Квартира у Бушминых была однокомнатная, но большая. На кухне стояли две плиты — дровяная и газовая, в комнате еще печь — круглая, выкрашенная в розовый цвет. Здесь все — люстра, занавески, мебель и даже цветы на подставках, — все было недорогое, но городского толка. За печью, у стенки, стояла детская кровать. Большая деревянная стояла в углу, наискосок, полуприкрытая шкафом. Стол был большой, круглый, на одной ножке-тумбе.
— Ишь ты! И телевизор, и приемник у тебя!
— Без приемника нельзя.
— Это почему же? — спросил Генка.
— А дом такой — каждое слово за стеной слыхать. Так что как бабу бить — так включаешь на всю катушку. Техника на службе быта! Понял?

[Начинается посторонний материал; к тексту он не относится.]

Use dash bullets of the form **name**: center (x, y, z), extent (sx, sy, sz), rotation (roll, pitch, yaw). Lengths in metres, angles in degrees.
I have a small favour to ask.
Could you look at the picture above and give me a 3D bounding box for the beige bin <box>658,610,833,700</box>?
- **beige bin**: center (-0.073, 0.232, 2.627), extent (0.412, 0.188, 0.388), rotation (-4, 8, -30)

— Эвона как тут у вас! А где семья?
— Клавка на дойке, а малыха в детсаду копается. Болеет часто. То простудят, то она принесет другим. Лучше бы с бабкой, у которой пенсия хорошая! Я, дурак, рано тещу выгнал, потерпеть бы надо еще годик-другой. Ты давай разваливайся на диване! — крикнул он уже из кухни.
Генка повесил кепку и прошел к балконной двери, но выйти на балкон не посмел, хотя ему и хотелось. Там, внизу, сновали люди, спешившие, должно быть, на обед, и было как-то неловко выставляться перед ними в такое время. Он смотрел из-за занавески, замечая, как одеты люди, откуда и куда идут. Сразу за домами начинались поля. Они тоже еще не были тронуты вспашкой и отливали на солнце ровной серой массой. Справа зеленело озимое поле, уходя краем за дома. Глаз искал деревьев, но их не было видно, только очень далеко, у самого горизонта, темнел синим сгустком не то лес, не то далекая деревня.
— Мишка! А у вас тут с лесом-то неважно, я смотрю. На кухне уже оглушительно шипело сало, и Мишка, не расслышав, вошел в комнату с ножом и картофелиной в руках.
— Чего, начальник?
— Я говорю — с лесом у вас неважно.
— Ничего, живем! — отмахнулся хозяин. — Лес есть, только надо сесть на электричку и чесать четыре остановки.
Он переложил нож в ту руку, в которой держал картошку, и включил приемник.
— Сейчас я тебе рок найду или твист, а ты сбацай, — он посмотрел в стеклянную дверь и вдруг торопливо открыл ее, выбежал на балкон.
— Але! Подруга дней моих суровых! Люська, черт! Ты оглохла, что ли? Скажи моей, чтобы молока с фермы притаранила да побольше: у нас, мол, важный гость! Поняла? Ну, чеши! — Бушмин облокотился на решетку, сплюнул вниз, потом хотел позубоскалить с кем-то еще, но вдруг рванулся в комнату, как от смерти, и с руганью пролетел мимо Генки на кухню, где пропал в ядовитом зеленом дыму.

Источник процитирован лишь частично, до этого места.